A router in a VM can expose multiple virtual hosts (as long as they differ from one another in their host alias or in their interface port).

Just as a naming example, a single physical server A might be running two VMs, named "VM1" and "VM2". Let's assume "VM1" exposes a virtual Ethernet interface, which gets named "eth0" inside the VM, and which is assigned IP address 111.111.111.111 by the virtualization machinery or a network DHCP server; and then assume VM2 exposes a virtual Ethernet interface also named "eth0" and it gets assigned an IP address 111.111.111.222.

We might have an Apigee router running in each of the two VMs. The routers expose virtual host endpoints as in this hypothetical example:

The Apigee router in VM1 exposes three virtual hosts on its eth0 interface (which has some specific IP address), api.mycompany.com:80, api.mycompany.com:443, and test.mycompany.com:80.

The router in VM2 exposes api.mycompany.com:80 (same name and port as exposed by VM1).

The physical host's operating system might have a network firewall; if so, that firewall must be configured to pass TCP traffic bound for the ports being exposed on the virtualized interfaces (111.111.111.111:{80, 443} and 111.111.111.222:80). In addition, each VM's operating system may provide its own firewall on its eth0 interface and these too must allow ports 80 and 443 traffic to connect.

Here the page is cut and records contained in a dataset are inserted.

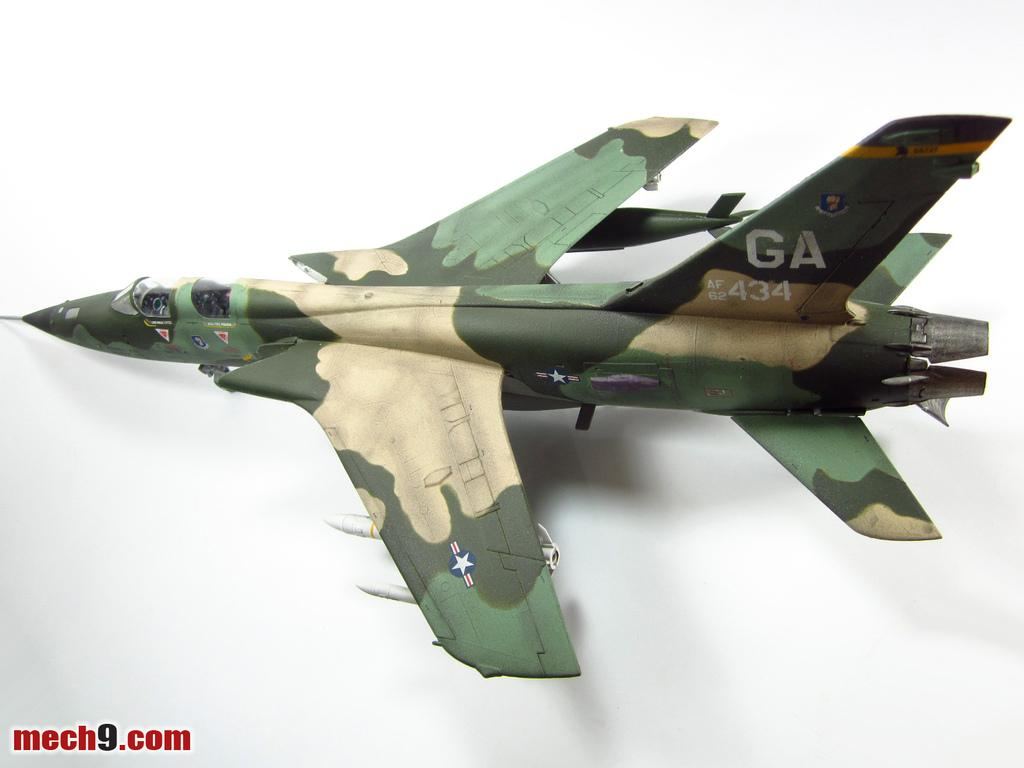<image>
Write a terse but informative summary of the picture. the green camo plane with a GA on the tail is a midel 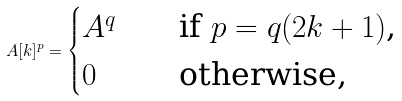<formula> <loc_0><loc_0><loc_500><loc_500>A [ k ] ^ { p } = \begin{cases} A ^ { q } & \quad \text {if $p=q(2k+1)$,} \\ 0 & \quad \text {otherwise,} \end{cases}</formula> 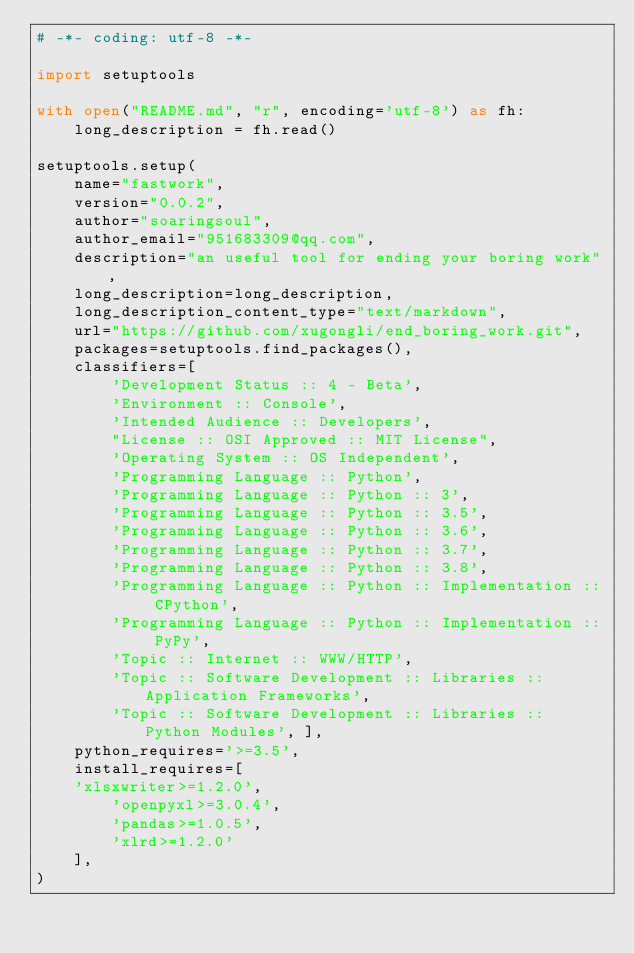<code> <loc_0><loc_0><loc_500><loc_500><_Python_># -*- coding: utf-8 -*-

import setuptools

with open("README.md", "r", encoding='utf-8') as fh:
    long_description = fh.read()

setuptools.setup(
    name="fastwork",
    version="0.0.2",
    author="soaringsoul",
    author_email="951683309@qq.com",
    description="an useful tool for ending your boring work",
    long_description=long_description,
    long_description_content_type="text/markdown",
    url="https://github.com/xugongli/end_boring_work.git",
    packages=setuptools.find_packages(),
    classifiers=[
        'Development Status :: 4 - Beta',
        'Environment :: Console',
        'Intended Audience :: Developers',
        "License :: OSI Approved :: MIT License",
        'Operating System :: OS Independent',
        'Programming Language :: Python',
        'Programming Language :: Python :: 3',
        'Programming Language :: Python :: 3.5',
        'Programming Language :: Python :: 3.6',
        'Programming Language :: Python :: 3.7',
        'Programming Language :: Python :: 3.8',
        'Programming Language :: Python :: Implementation :: CPython',
        'Programming Language :: Python :: Implementation :: PyPy',
        'Topic :: Internet :: WWW/HTTP',
        'Topic :: Software Development :: Libraries :: Application Frameworks',
        'Topic :: Software Development :: Libraries :: Python Modules', ],
    python_requires='>=3.5',
    install_requires=[
		'xlsxwriter>=1.2.0',
        'openpyxl>=3.0.4',
        'pandas>=1.0.5',
        'xlrd>=1.2.0'
    ],
)
</code> 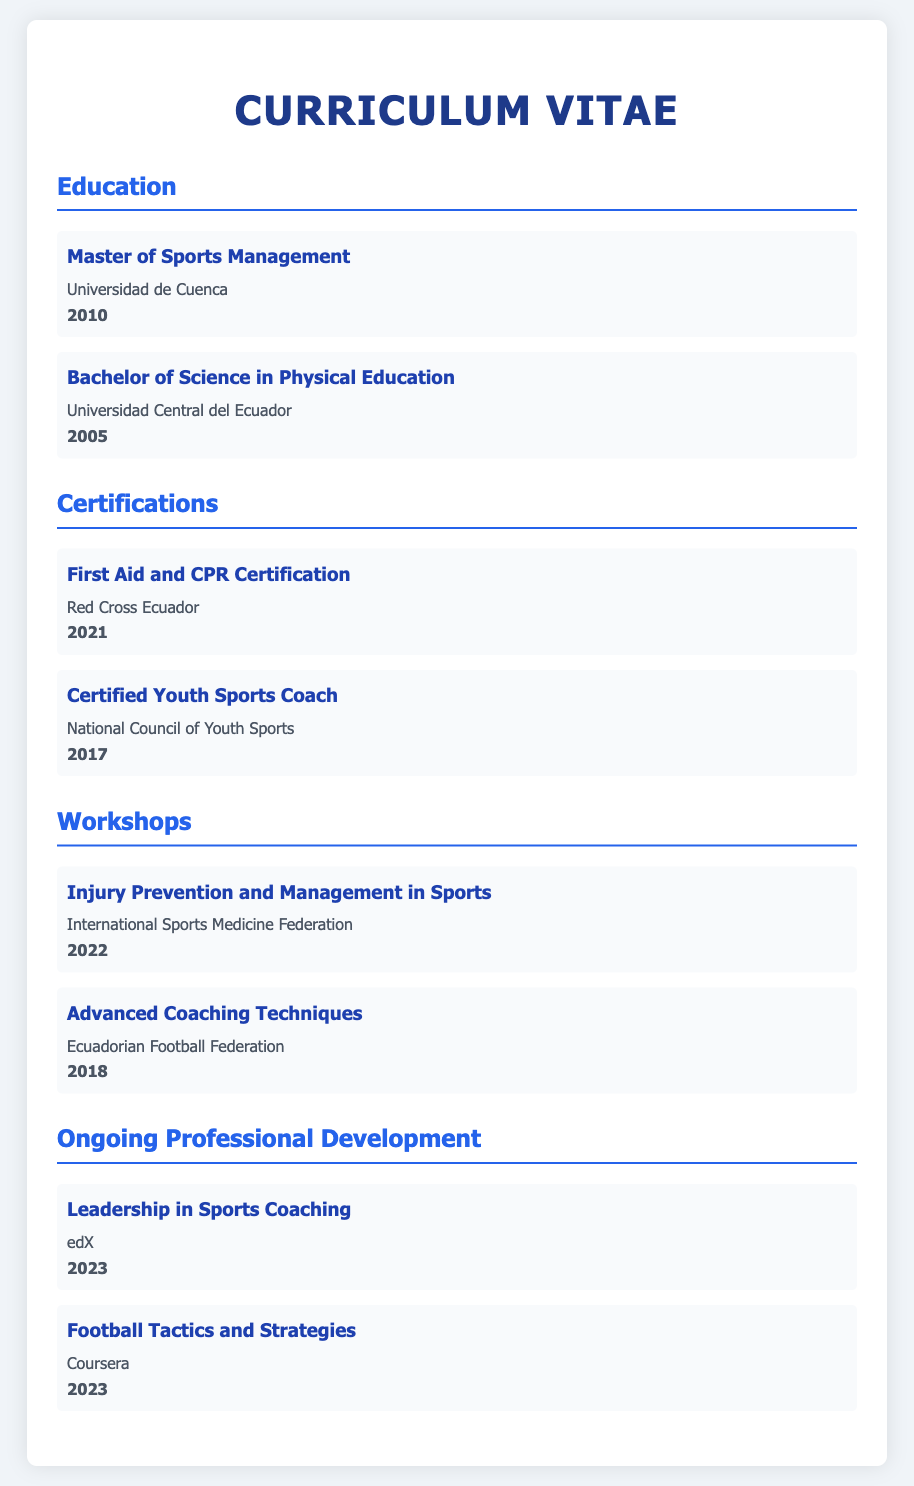What is the highest degree earned? The highest degree listed in the document is "Master of Sports Management" obtained from "Universidad de Cuenca" in 2010.
Answer: Master of Sports Management In what year was the Bachelor of Science in Physical Education awarded? The document states that the Bachelor of Science in Physical Education was awarded in 2005.
Answer: 2005 Which organization provided the First Aid and CPR Certification? The organization responsible for the First Aid and CPR Certification according to the document is the "Red Cross Ecuador."
Answer: Red Cross Ecuador How many ongoing professional development courses are listed? The document lists two ongoing professional development courses under that section.
Answer: 2 What was the subject of the workshop attended in 2022? The workshop attended in 2022 was focused on "Injury Prevention and Management in Sports."
Answer: Injury Prevention and Management in Sports Which certification was obtained in 2017? The certification obtained in 2017 is for "Certified Youth Sports Coach."
Answer: Certified Youth Sports Coach Who conducted the Advanced Coaching Techniques workshop? The Advanced Coaching Techniques workshop was conducted by the "Ecuadorian Football Federation."
Answer: Ecuadorian Football Federation What year did the Leadership in Sports Coaching professional development occur? The Leadership in Sports Coaching course took place in the year 2023.
Answer: 2023 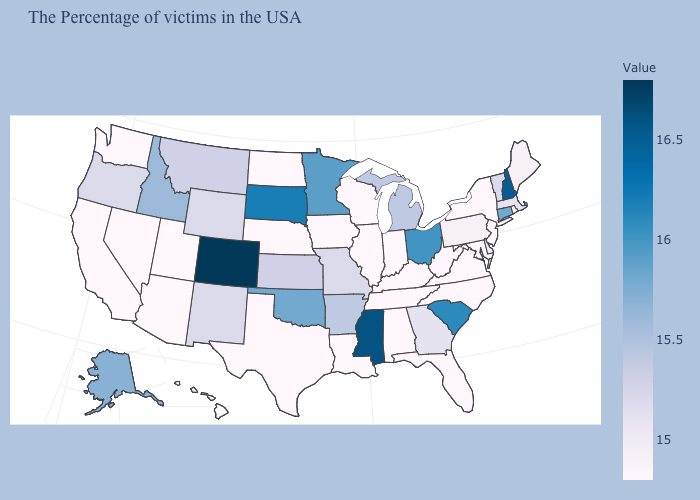Among the states that border Texas , which have the highest value?
Keep it brief. Oklahoma. Which states have the lowest value in the West?
Keep it brief. Utah, Arizona, Nevada, California, Washington, Hawaii. Among the states that border New Jersey , does Delaware have the highest value?
Short answer required. Yes. Among the states that border New Mexico , does Colorado have the highest value?
Quick response, please. Yes. Among the states that border Minnesota , does South Dakota have the highest value?
Answer briefly. Yes. 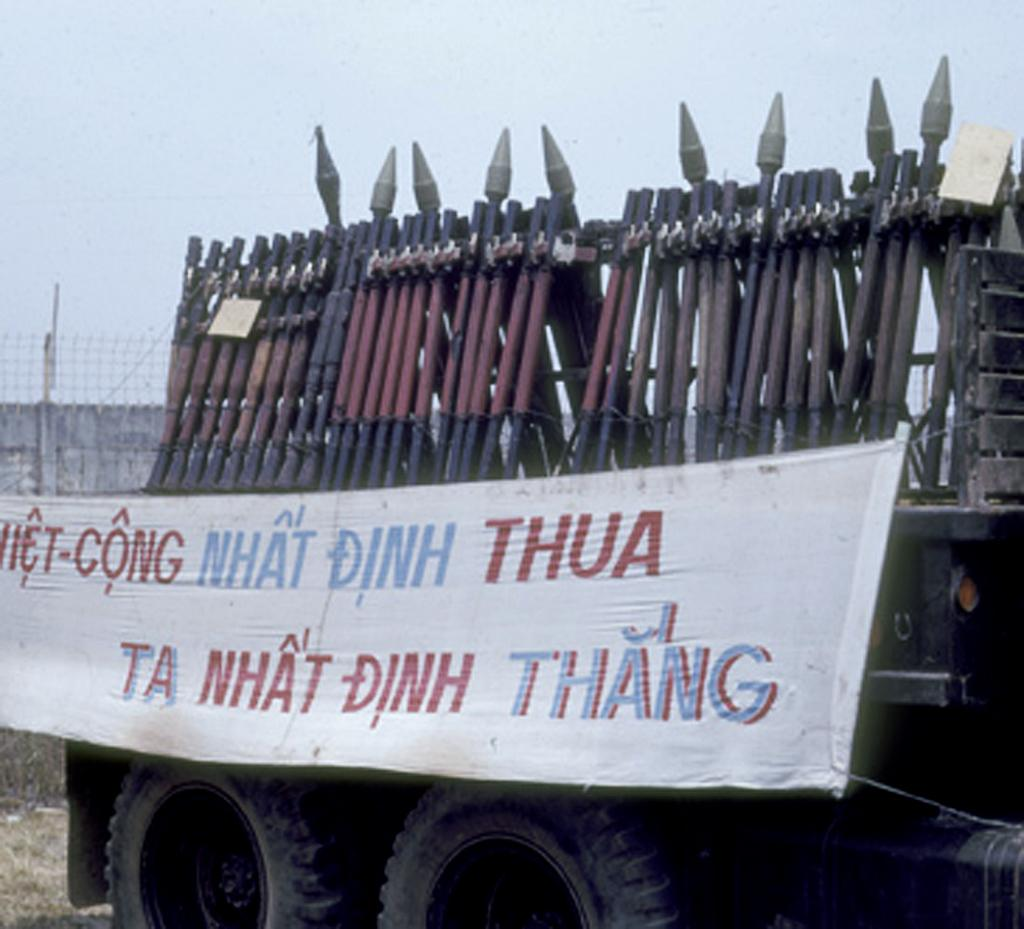What can be seen in the image that resembles a series of vertical structures? There is a group of poles in the image. What is written on the vehicle in the image? There is a banner with text on a vehicle. What type of barrier is visible in the background of the image? There is a fence in the background of the image. What part of the natural environment is visible in the image? The sky is visible in the background of the image. What type of wine is being served at the event in the image? There is no event or wine present in the image; it features a group of poles, a vehicle with a banner, a fence, and the sky. How does the acoustics of the area affect the sound quality in the image? There is no information about the acoustics or sound quality in the image, as it only shows a group of poles, a vehicle with a banner, a fence, and the sky. 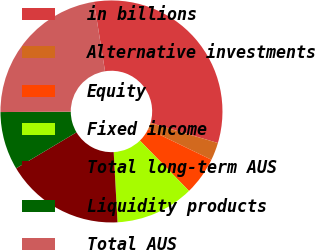<chart> <loc_0><loc_0><loc_500><loc_500><pie_chart><fcel>in billions<fcel>Alternative investments<fcel>Equity<fcel>Fixed income<fcel>Total long-term AUS<fcel>Liquidity products<fcel>Total AUS<nl><fcel>32.11%<fcel>2.58%<fcel>5.53%<fcel>11.44%<fcel>17.3%<fcel>8.48%<fcel>22.56%<nl></chart> 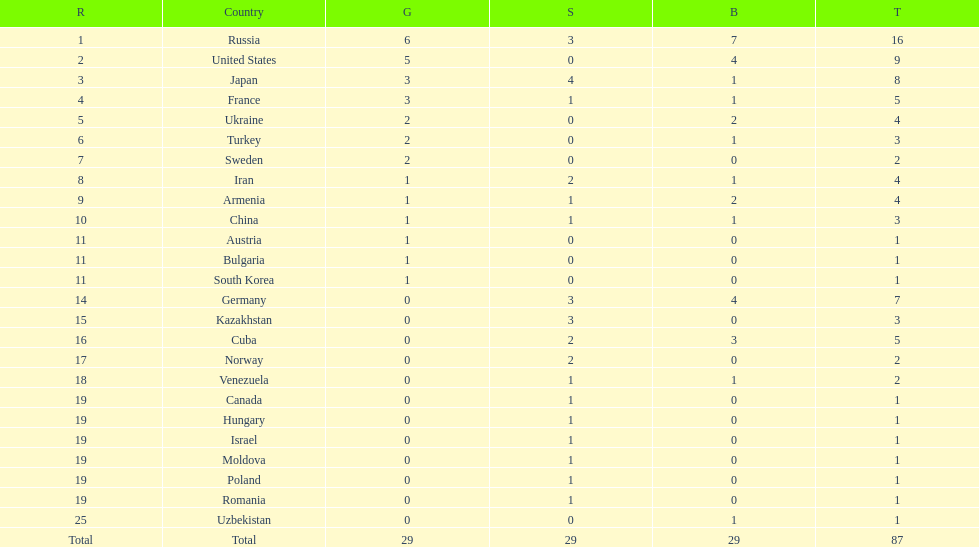Would you mind parsing the complete table? {'header': ['R', 'Country', 'G', 'S', 'B', 'T'], 'rows': [['1', 'Russia', '6', '3', '7', '16'], ['2', 'United States', '5', '0', '4', '9'], ['3', 'Japan', '3', '4', '1', '8'], ['4', 'France', '3', '1', '1', '5'], ['5', 'Ukraine', '2', '0', '2', '4'], ['6', 'Turkey', '2', '0', '1', '3'], ['7', 'Sweden', '2', '0', '0', '2'], ['8', 'Iran', '1', '2', '1', '4'], ['9', 'Armenia', '1', '1', '2', '4'], ['10', 'China', '1', '1', '1', '3'], ['11', 'Austria', '1', '0', '0', '1'], ['11', 'Bulgaria', '1', '0', '0', '1'], ['11', 'South Korea', '1', '0', '0', '1'], ['14', 'Germany', '0', '3', '4', '7'], ['15', 'Kazakhstan', '0', '3', '0', '3'], ['16', 'Cuba', '0', '2', '3', '5'], ['17', 'Norway', '0', '2', '0', '2'], ['18', 'Venezuela', '0', '1', '1', '2'], ['19', 'Canada', '0', '1', '0', '1'], ['19', 'Hungary', '0', '1', '0', '1'], ['19', 'Israel', '0', '1', '0', '1'], ['19', 'Moldova', '0', '1', '0', '1'], ['19', 'Poland', '0', '1', '0', '1'], ['19', 'Romania', '0', '1', '0', '1'], ['25', 'Uzbekistan', '0', '0', '1', '1'], ['Total', 'Total', '29', '29', '29', '87']]} Which nation took home the highest medal count? Russia.

The basepath is the third component involved in routing API calls to different API proxies that you may have deployed. API proxy bundles can share an endpoint if they have different basepaths. For example, one basepath can be defined as http://api.mycompany.com:80/ and another defined as http://api.mycompany.com:80/salesdemo.

In this case, you need a load balancer or traffic director of some kind splitting the http://api.mycompany.com:80/ traffic between the two IP addresses (111.111.111.111 on VM1 and 111.111.111.222 on VM2). This function is specific to your particular installation, and is configured by your local networking group.

The basepath is set when you deploy an API. From the above example, you can deploy two APIs, mycompany and testmycompany, for the organization mycompany-org with the virtual host that has the host alias of api.mycompany.com and the port set to 80. If you do not declare a basepath in the deployment, then the router does not know which API to send incoming requests to.

However, if you deploy the API testmycompany with the base URL of /salesdemo, then users access that API using http://api.mycompany.com:80/salesdemo. If you deploy your API mycompany with the base URL of / then your users access the API by the URL http://api.mycompany.com:80/.

Licensing

Each installation of Edge requires a unique license file that you obtain from Apigee. You will need to provide the path to the license file when installing the management server, for example /tmp/license.txt.

The installer copies the license file to /opt/apigee/customer/conf/license.txt.

If license file is valid, the management server validates the expiry and allowed Message Processor (MP) count. If any of the license settings is expired, you can find the logs in the following location: /opt/apigee/var/log/edge-management-server/logs. In this case you can contact Apigee Edge Support for migration details.

If you do not yet have a license, contact Apigee Sales.